- _PROBLEM DESCRIPTION_: Character for character, give back every line below.

Records drawn from a dataset:
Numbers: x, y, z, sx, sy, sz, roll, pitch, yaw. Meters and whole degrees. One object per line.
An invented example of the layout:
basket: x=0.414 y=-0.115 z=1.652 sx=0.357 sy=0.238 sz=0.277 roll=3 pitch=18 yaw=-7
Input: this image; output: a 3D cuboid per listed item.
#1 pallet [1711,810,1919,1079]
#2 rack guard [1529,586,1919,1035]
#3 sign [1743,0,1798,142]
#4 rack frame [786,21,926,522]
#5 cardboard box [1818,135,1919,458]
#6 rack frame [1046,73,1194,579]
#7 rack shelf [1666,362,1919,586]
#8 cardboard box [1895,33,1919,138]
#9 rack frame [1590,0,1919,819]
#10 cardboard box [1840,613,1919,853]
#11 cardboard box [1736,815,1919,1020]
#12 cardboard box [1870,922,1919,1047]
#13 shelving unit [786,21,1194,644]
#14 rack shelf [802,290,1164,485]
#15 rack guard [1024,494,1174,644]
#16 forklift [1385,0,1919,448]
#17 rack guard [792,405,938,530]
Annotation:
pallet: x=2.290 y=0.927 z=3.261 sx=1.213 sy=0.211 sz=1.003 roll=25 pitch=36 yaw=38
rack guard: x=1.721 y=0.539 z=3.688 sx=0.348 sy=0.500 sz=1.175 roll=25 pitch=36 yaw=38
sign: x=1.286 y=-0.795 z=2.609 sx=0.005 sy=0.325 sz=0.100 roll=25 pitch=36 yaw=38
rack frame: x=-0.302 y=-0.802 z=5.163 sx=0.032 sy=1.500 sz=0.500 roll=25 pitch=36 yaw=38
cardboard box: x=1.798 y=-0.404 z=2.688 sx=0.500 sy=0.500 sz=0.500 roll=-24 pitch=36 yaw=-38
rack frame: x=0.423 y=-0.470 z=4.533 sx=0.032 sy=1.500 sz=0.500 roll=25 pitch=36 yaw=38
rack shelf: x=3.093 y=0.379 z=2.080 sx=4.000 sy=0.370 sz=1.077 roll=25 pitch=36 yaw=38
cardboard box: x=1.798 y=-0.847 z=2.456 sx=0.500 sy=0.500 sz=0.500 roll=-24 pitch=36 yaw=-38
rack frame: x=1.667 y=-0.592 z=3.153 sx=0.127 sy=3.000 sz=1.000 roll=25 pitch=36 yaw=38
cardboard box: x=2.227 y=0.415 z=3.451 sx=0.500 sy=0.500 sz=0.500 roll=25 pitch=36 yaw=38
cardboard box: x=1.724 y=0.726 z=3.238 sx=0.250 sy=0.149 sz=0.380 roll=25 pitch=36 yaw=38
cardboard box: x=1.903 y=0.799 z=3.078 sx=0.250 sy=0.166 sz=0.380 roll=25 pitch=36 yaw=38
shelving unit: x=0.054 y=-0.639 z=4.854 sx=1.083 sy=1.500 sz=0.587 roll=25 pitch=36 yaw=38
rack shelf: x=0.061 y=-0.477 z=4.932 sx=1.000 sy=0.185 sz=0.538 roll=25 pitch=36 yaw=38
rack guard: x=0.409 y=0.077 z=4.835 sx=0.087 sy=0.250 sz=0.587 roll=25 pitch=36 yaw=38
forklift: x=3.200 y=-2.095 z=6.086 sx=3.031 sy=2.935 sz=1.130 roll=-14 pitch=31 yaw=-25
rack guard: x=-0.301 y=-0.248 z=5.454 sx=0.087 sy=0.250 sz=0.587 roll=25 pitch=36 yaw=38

- _TASK OUTPUT_:
Numbers: x, y, z, sx, sy, sz, roll, pitch, yaw. Meters and whole degrees. One object per line.
An invented example of the layout:
basket: x=0.414 y=-0.115 z=1.652 sx=0.357 sy=0.238 sz=0.277 roll=3 pitch=18 yaw=-7
Input: this image; output: a 3D cuboid per listed item.
#1 pallet [1711,810,1919,1079]
#2 rack guard [1529,586,1919,1035]
#3 sign [1743,0,1798,142]
#4 rack frame [786,21,926,522]
#5 cardboard box [1818,135,1919,458]
#6 rack frame [1046,73,1194,579]
#7 rack shelf [1666,362,1919,586]
#8 cardboard box [1895,33,1919,138]
#9 rack frame [1590,0,1919,819]
#10 cardboard box [1840,613,1919,853]
#11 cardboard box [1736,815,1919,1020]
#12 cardboard box [1870,922,1919,1047]
#13 shelving unit [786,21,1194,644]
#14 rack shelf [802,290,1164,485]
#15 rack guard [1024,494,1174,644]
#16 forklift [1385,0,1919,448]
#17 rack guard [792,405,938,530]
Annotation:
pallet: x=2.290 y=0.927 z=3.261 sx=1.213 sy=0.211 sz=1.003 roll=25 pitch=36 yaw=38
rack guard: x=1.721 y=0.539 z=3.688 sx=0.348 sy=0.500 sz=1.175 roll=25 pitch=36 yaw=38
sign: x=1.286 y=-0.795 z=2.609 sx=0.005 sy=0.325 sz=0.100 roll=25 pitch=36 yaw=38
rack frame: x=-0.302 y=-0.802 z=5.163 sx=0.032 sy=1.500 sz=0.500 roll=25 pitch=36 yaw=38
cardboard box: x=1.798 y=-0.404 z=2.688 sx=0.500 sy=0.500 sz=0.500 roll=-24 pitch=36 yaw=-38
rack frame: x=0.423 y=-0.470 z=4.533 sx=0.032 sy=1.500 sz=0.500 roll=25 pitch=36 yaw=38
rack shelf: x=3.093 y=0.379 z=2.080 sx=4.000 sy=0.370 sz=1.077 roll=25 pitch=36 yaw=38
cardboard box: x=1.798 y=-0.847 z=2.456 sx=0.500 sy=0.500 sz=0.500 roll=-24 pitch=36 yaw=-38
rack frame: x=1.667 y=-0.592 z=3.153 sx=0.127 sy=3.000 sz=1.000 roll=25 pitch=36 yaw=38
cardboard box: x=2.227 y=0.415 z=3.451 sx=0.500 sy=0.500 sz=0.500 roll=25 pitch=36 yaw=38
cardboard box: x=1.724 y=0.726 z=3.238 sx=0.250 sy=0.149 sz=0.380 roll=25 pitch=36 yaw=38
cardboard box: x=1.903 y=0.799 z=3.078 sx=0.250 sy=0.166 sz=0.380 roll=25 pitch=36 yaw=38
shelving unit: x=0.054 y=-0.639 z=4.854 sx=1.083 sy=1.500 sz=0.587 roll=25 pitch=36 yaw=38
rack shelf: x=0.061 y=-0.477 z=4.932 sx=1.000 sy=0.185 sz=0.538 roll=25 pitch=36 yaw=38
rack guard: x=0.409 y=0.077 z=4.835 sx=0.087 sy=0.250 sz=0.587 roll=25 pitch=36 yaw=38
forklift: x=3.200 y=-2.095 z=6.086 sx=3.031 sy=2.935 sz=1.130 roll=-14 pitch=31 yaw=-25
rack guard: x=-0.301 y=-0.248 z=5.454 sx=0.087 sy=0.250 sz=0.587 roll=25 pitch=36 yaw=38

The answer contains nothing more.